◆ **WHAT TO PRODUCE**
Print this span of the material below exactly: the line with "table_header Advent [475, 382, 679, 411]", the line with "table_cell 0Dh [681, 412, 934, 441]", and every line between them, but nothing else.

◆ **EXERCISE MATERIALS**
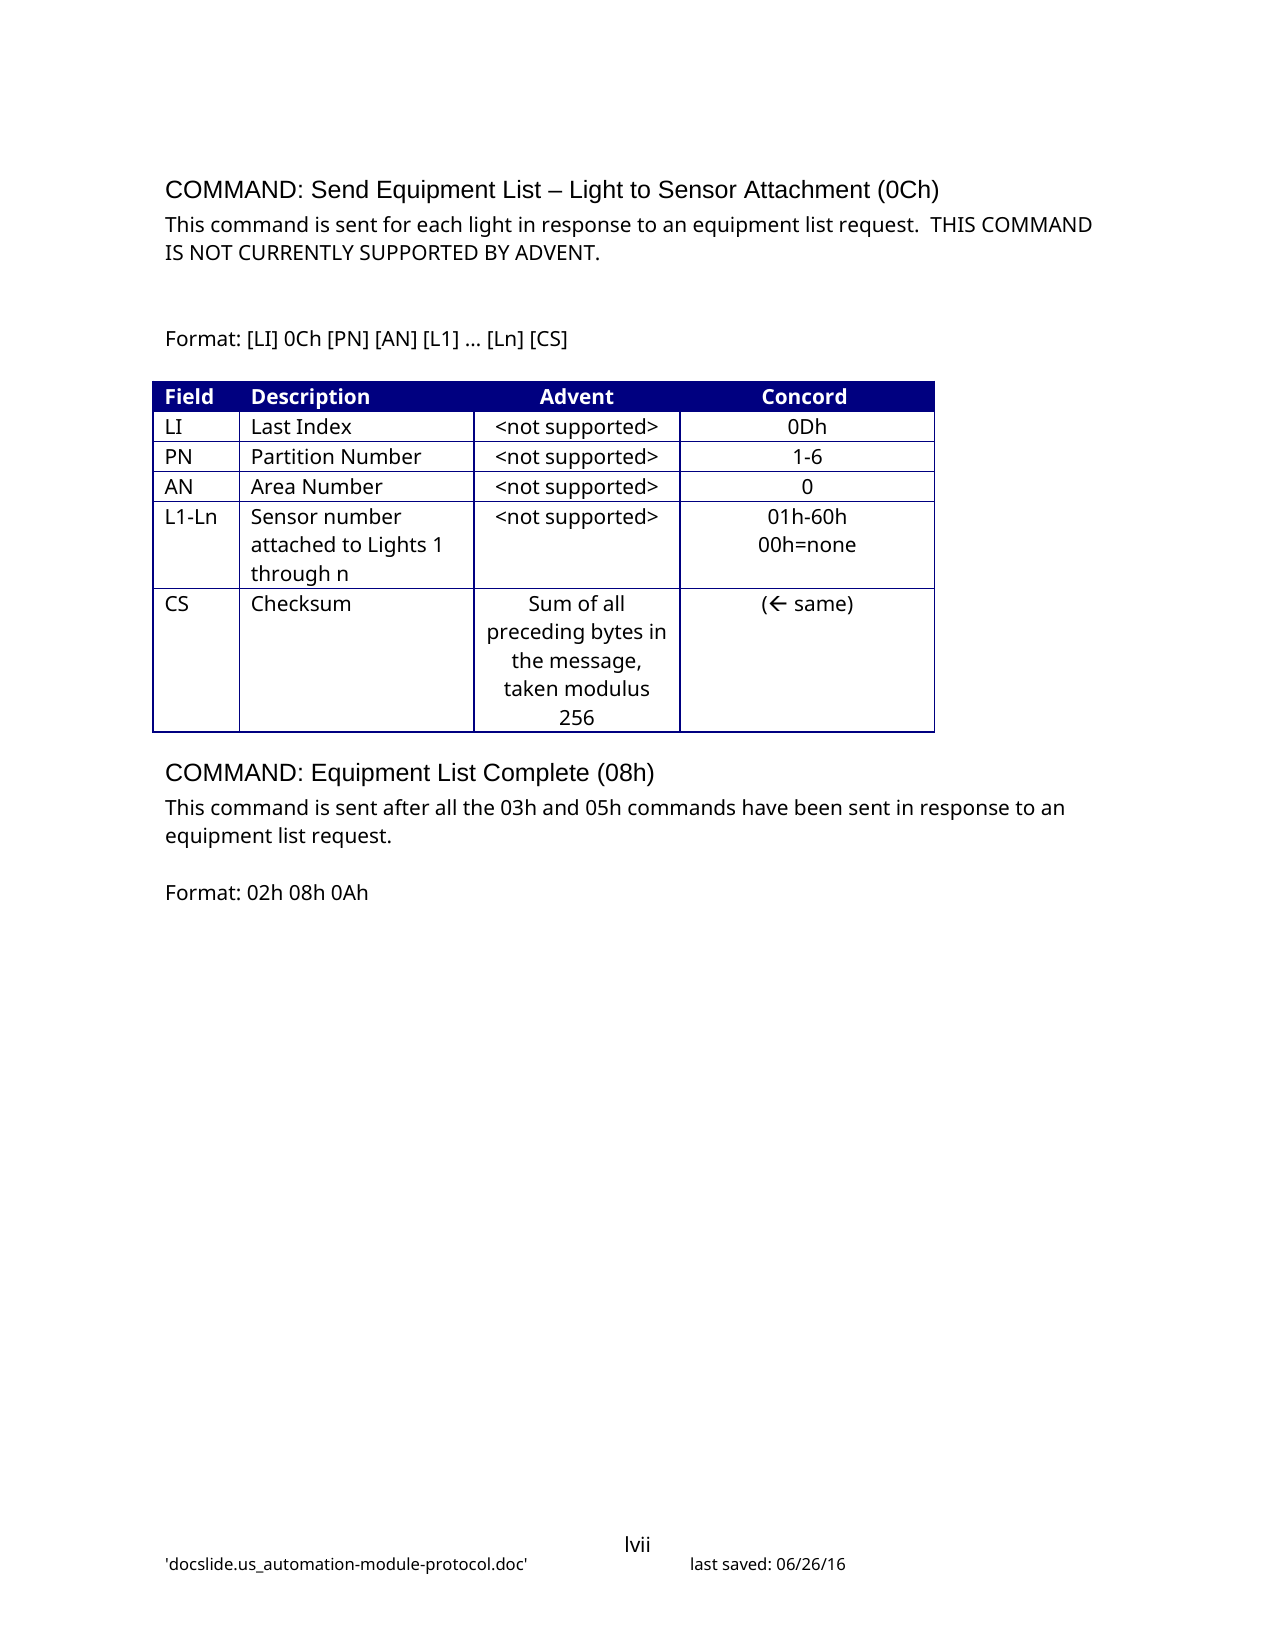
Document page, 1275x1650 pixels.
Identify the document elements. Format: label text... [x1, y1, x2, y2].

text Format: [LI] 0Ch [PN] [AN] [L1] … [Ln] [CS] [165, 324, 1110, 352]
table_cell <not supported> [475, 412, 679, 441]
table_cell 0 [681, 472, 934, 501]
table_cell Sum of all preceding bytes in the message, taken modulus 256 [475, 589, 679, 731]
table_cell Partition Number [240, 442, 473, 471]
table_header Advent [475, 382, 679, 411]
table_cell AN [154, 472, 239, 501]
table_cell CS [154, 589, 239, 731]
table_cell ( same) [681, 589, 934, 731]
table_cell L1-Ln [154, 502, 239, 587]
table_cell <not supported> [475, 472, 679, 501]
table_cell Last Index [240, 412, 473, 441]
table_cell LI [154, 412, 239, 441]
table_cell PN [154, 442, 239, 471]
text This command is sent after all the 03h and 05h commands have been sent in response to an equipment list request. [165, 793, 1110, 850]
table_cell <not supported> [475, 502, 679, 587]
table_cell 0Dh [681, 412, 934, 441]
table_header Field [154, 382, 239, 411]
table_cell <not supported> [475, 442, 679, 471]
text This command is sent for each light in response to an equipment list request. THIS COMMAND IS NOT CURRENTLY SUPPORTED BY ADVENT. [165, 210, 1110, 267]
table_cell 1-6 [681, 442, 934, 471]
table_cell 01h-60h 00h=none [681, 502, 934, 587]
table_cell Sensor number attached to Lights 1 through n [240, 502, 473, 587]
table_cell Checksum [240, 589, 473, 731]
text Format: 02h 08h 0Ah [165, 878, 1110, 907]
table_header Concord [681, 382, 934, 411]
subtitle COMMAND: Equipment List Complete (08h) [165, 758, 1110, 787]
table_header Description [240, 382, 473, 411]
table_cell Area Number [240, 472, 473, 501]
subtitle COMMAND: Send Equipment List – Light to Sensor Attachment (0Ch) [165, 175, 1110, 204]
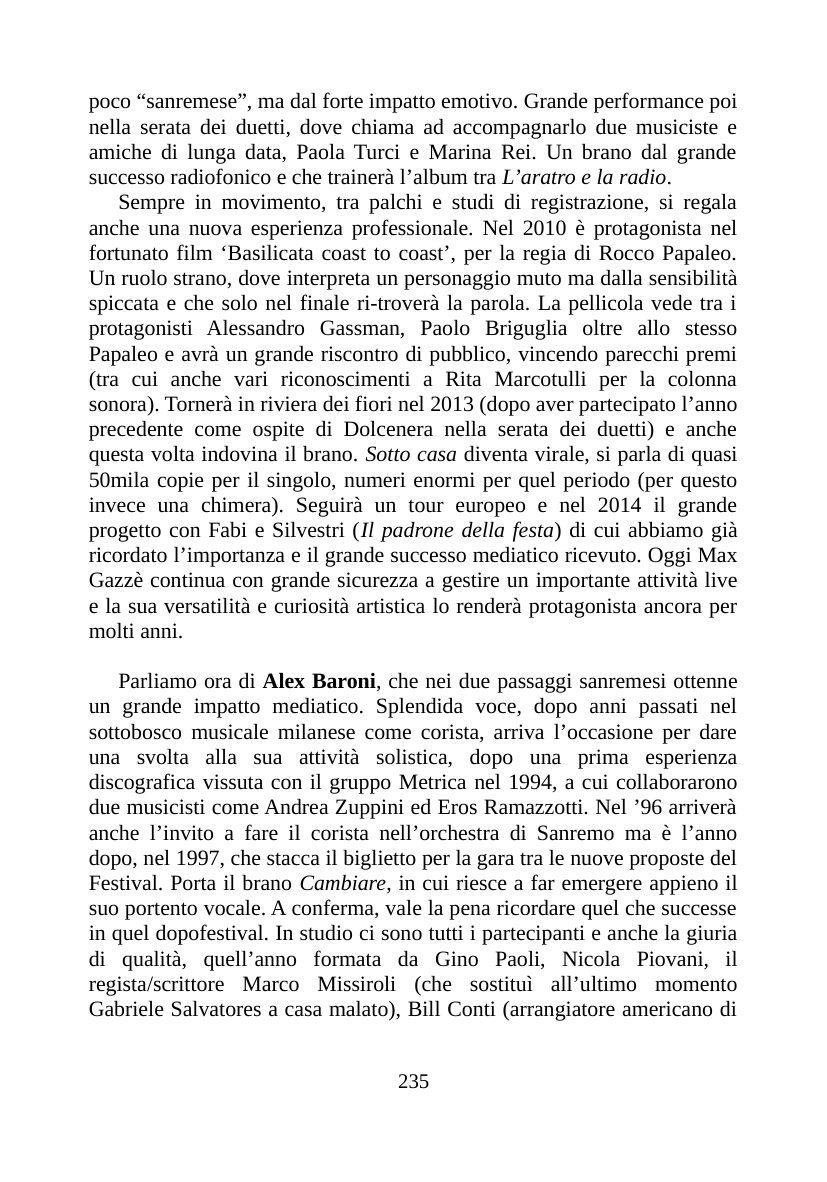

◆ **RESULT FOR THIS TASK**
table_header Advent [475, 382, 679, 411]
table_cell AN [154, 472, 239, 501]
table_cell CS [154, 589, 239, 731]
table_cell ( same) [681, 589, 934, 731]
table_cell L1-Ln [154, 502, 239, 587]
table_cell <not supported> [475, 472, 679, 501]
table_cell Last Index [240, 412, 473, 441]
table_cell LI [154, 412, 239, 441]
table_cell PN [154, 442, 239, 471]
text This command is sent after all the 03h and 05h commands have been sent in response to an equipment list request. [165, 793, 1110, 850]
table_cell <not supported> [475, 502, 679, 587]
table_cell 0Dh [681, 412, 934, 441]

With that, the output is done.